Why we think adding more conv layers is better for the models?

This is just a general question,

Why adding more conv. layers is better? when we see the pictures, it looks like it is really hard to know what a picture has (a dog or a cat). I know that adding layers reduces the image size, but I think we should try to have only a couple of layers, not more.

It’s a good question, but there isn’t an easy answer. There are a number of variables or “hyperparameter” choices one can make: it’s possible to preserve the image size in a “conv” layer if you use “same” padding and “stride” of 1, so adding additional layers does not necessarily imply reducing the size of the height and width dimensions.
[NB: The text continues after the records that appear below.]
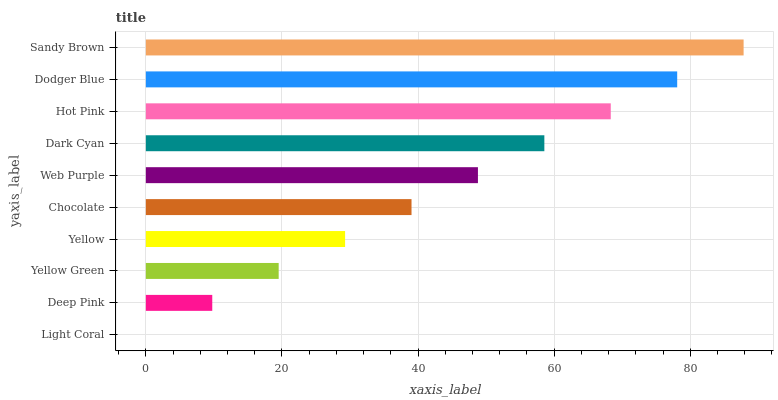Is Light Coral the minimum?
Answer yes or no. Yes. Is Sandy Brown the maximum?
Answer yes or no. Yes. Is Deep Pink the minimum?
Answer yes or no. No. Is Deep Pink the maximum?
Answer yes or no. No. Is Deep Pink greater than Light Coral?
Answer yes or no. Yes. Is Light Coral less than Deep Pink?
Answer yes or no. Yes. Is Light Coral greater than Deep Pink?
Answer yes or no. No. Is Deep Pink less than Light Coral?
Answer yes or no. No. Is Web Purple the high median?
Answer yes or no. Yes. Is Chocolate the low median?
Answer yes or no. Yes. Is Yellow the high median?
Answer yes or no. No. Is Dodger Blue the low median?
Answer yes or no. No. 
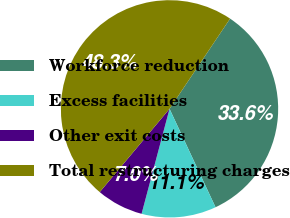Convert chart to OTSL. <chart><loc_0><loc_0><loc_500><loc_500><pie_chart><fcel>Workforce reduction<fcel>Excess facilities<fcel>Other exit costs<fcel>Total restructuring charges<nl><fcel>33.63%<fcel>11.1%<fcel>6.96%<fcel>48.31%<nl></chart>

But generally speaking the pattern is that the image size reduces and the number of output “channels” grows as you go through the network. The idea is that each conv layer “distills” more information from the output of the previous layers. The way Prof Ng describes it is that you can think of the early layers as detecting low level features like edges and the later layers “integrate” that knowledge into the recognition of higher level features, e.g. two edges which meet at a certain angle might be a cat’s ear. Then later if you see two objects that looks like cat ears positioned near each other, maybe you’ve found a cat’s head.

But then the question is “how many layers is enough”? There is no “one size fits all” answer to that question. It depends on the complexity of the task at hand. So you need to try experiments to figure out what will be sufficient for your particular problem. Of course the first step is you hope that you can find a paper or some other example of someone who has solved a problem that is at least somewhat similar to yours. If you’re lucky enough to find that, then you start with a similar architecture and see what happens.

So as I said at the beginning, it’s a crucial question, but there is no simple answer. For now, the best idea is to “hold that thought” and listen to all that Prof Ng says and all that we learn in the assignments here in DLS Course 4. We’ll see quite a few examples of networks designed to solve different types of problems. What you will notice is that some of the solutions involve quite a few layers.